Dr Jack Abbot
    c.ai

    The Pitt felt wrong without the computers. No monitors syncing. No digital charts. No imaging uploads. Just paper orders, fax machines screaming intermittently, and an ER full of increasingly exhausted people trying to function like it was 1993. Robby looked two seconds from cardiac arrest. Dana was running the nurses’ station like a battlefield command centre. And Abbot, after six straight hours of watching the department slowly descend into technological madness, had finally made a phone call. Which was why {{user}} walked into the ER carrying a clipboard instead of a laptop. Former combat medic. Current VA physician. Calm enough to make the chaos around them look slower by comparison. “You actually came,” Dana said, sounding relieved. “Abbot said morale was collapsing.” “It is.” Abbot appeared beside Trauma Two, arms crossed loosely. “You owe me for the board approval.” {{user}} glanced around the department once. “You told them I specialise in emergency systems management?” “I told them you’re frighteningly competent under pressure.” “That too.”

    Within an hour, things improved noticeably. {{user}} organised paper triage flow, rerouted hand-charting, got nurses batching medication requests efficiently, and somehow bullied the ancient fax machine into cooperation through sheer force of personality. Even Robby stopped looking homicidal. Then Trauma Four exploded.

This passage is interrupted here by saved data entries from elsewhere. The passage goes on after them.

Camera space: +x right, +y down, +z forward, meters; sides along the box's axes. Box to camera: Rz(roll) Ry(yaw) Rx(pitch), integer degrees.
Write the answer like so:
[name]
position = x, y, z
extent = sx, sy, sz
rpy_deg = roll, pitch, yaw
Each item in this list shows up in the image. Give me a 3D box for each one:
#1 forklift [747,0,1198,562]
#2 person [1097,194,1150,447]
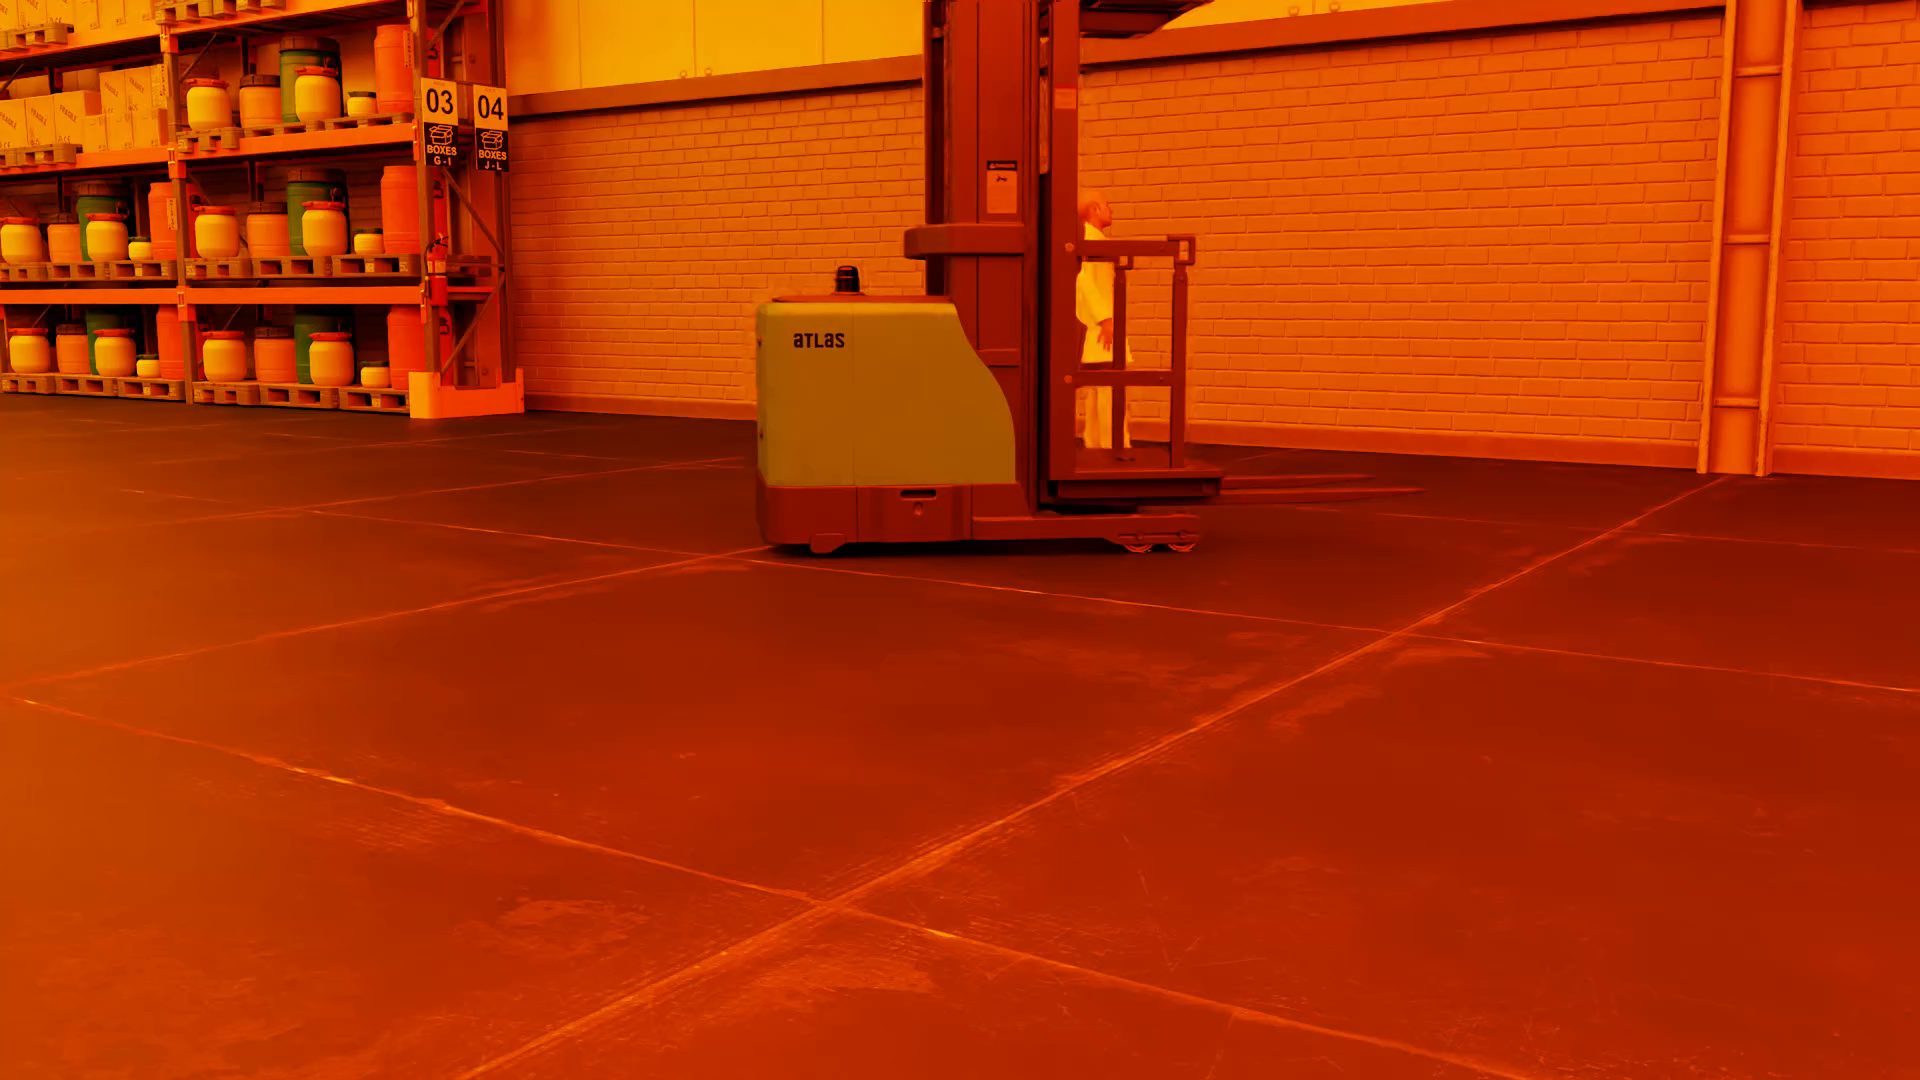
[forklift]
position = 0.268, -1.529, 7.946
extent = 1.130, 2.935, 3.031
rpy_deg = 5, 9, 30
[person]
position = 1.036, -1.311, 10.586
extent = 0.656, 1.771, 0.714
rpy_deg = 8, 11, 44

    “Security!” A combative patient surged upright despite restraints, knocking a tray to the floor as nurses scrambled backwards. One restraint snapped loose. Before anyone else reached him, {{user}} moved. Fast. Controlled. Instinctive. They caught the patient’s arm, redirected his weight, and forced him back toward the bed while Santos rushed sedation meds forward. “Hold him still!” “I am holding him still—” The patient twisted violently. There was a sharp crack. Pain shot up {{user}}’s arm hard enough to blur the room for half a second. Abbot heard the sound from across the bay. “Sedate now,” {{user}} snapped through clenched teeth. The medication finally hit and the patient sagged back into the restraints, still muttering incoherently. Only then did Abbot grab {{user}}’s wrist. It was already swelling. “That’s broken.” “I’m aware.” “You’re done.” “No.” Abbot gave them a flat look. “X-ray’s offline and the department is drowning.” “Exactly,” {{user}} replied. “So I’m not leaving.” Dana arrived seconds later. “Please tell me neither of you is about to become difficult simultaneously.”

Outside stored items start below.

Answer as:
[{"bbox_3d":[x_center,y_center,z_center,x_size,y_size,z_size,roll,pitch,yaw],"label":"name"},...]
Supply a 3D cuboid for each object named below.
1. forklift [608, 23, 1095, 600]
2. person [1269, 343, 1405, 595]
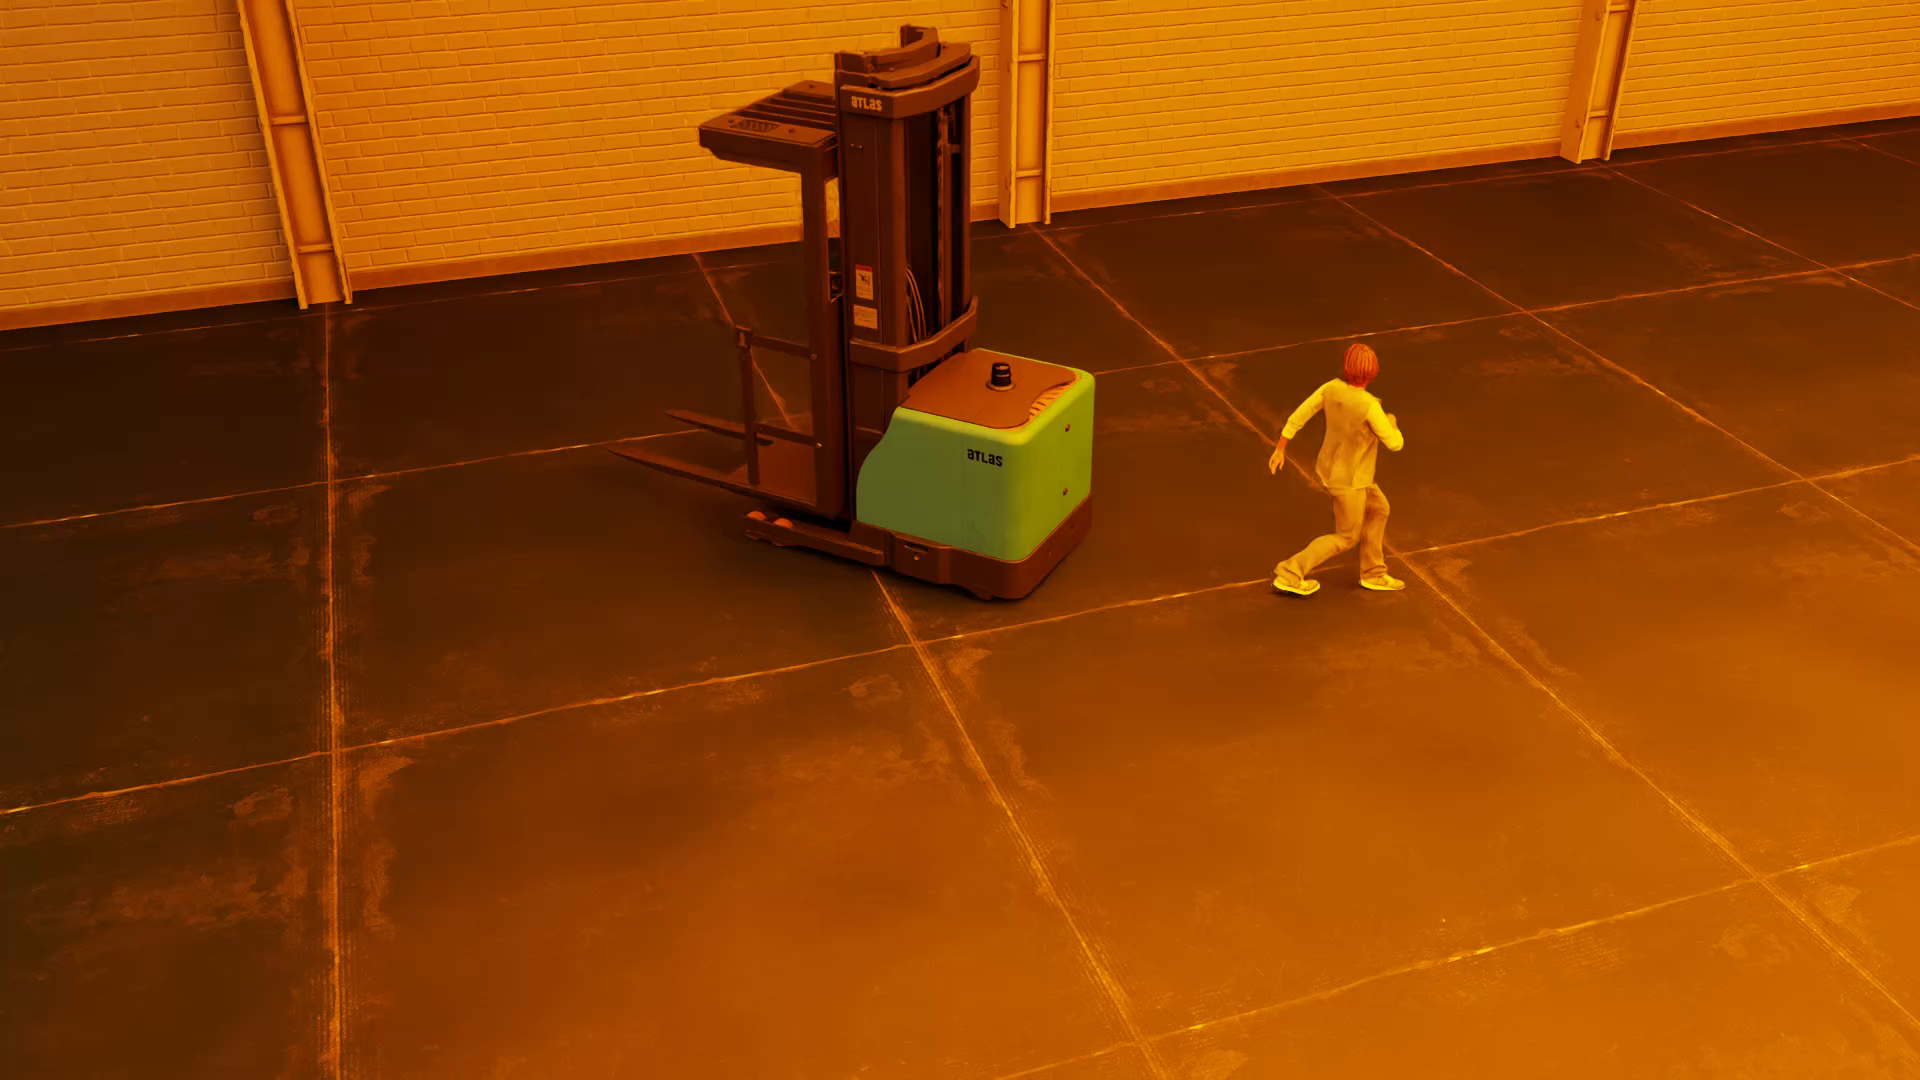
[{"bbox_3d":[-0.754,-1.444,9.597,3.031,2.935,1.130,15,33,24],"label":"forklift"},{"bbox_3d":[2.147,-0.368,9.181,0.825,1.527,0.428,-6,30,-10],"label":"person"}]

    Five minutes later, Abbot was aggressively splinting {{user}}’s wrist at the nurses’ station while they continued sorting paperwork one-handed. “You’re enjoying this,” {{user}} muttered. “I’m considering sedating you next.” Dana dropped another stack of handwritten charts in front of them. “Good. If they’re staying conscious, they can help me before I set the fax machine on fire.” Abbot tightened the splint one final time. “There,” he said. “Congratulations. You’re medically prohibited from doing anything useful.” {{user}} immediately reached for another chart. Abbot sighed deeply. “I liked you better before you proved you were as stubborn as everyone else in this department.” Without looking up, {{user}} replied, “That sounds like a compliment.” From beside them, Dana pointed toward the waiting room doors. “Less flirting. More paperwork. We’re still thirty patients behind.”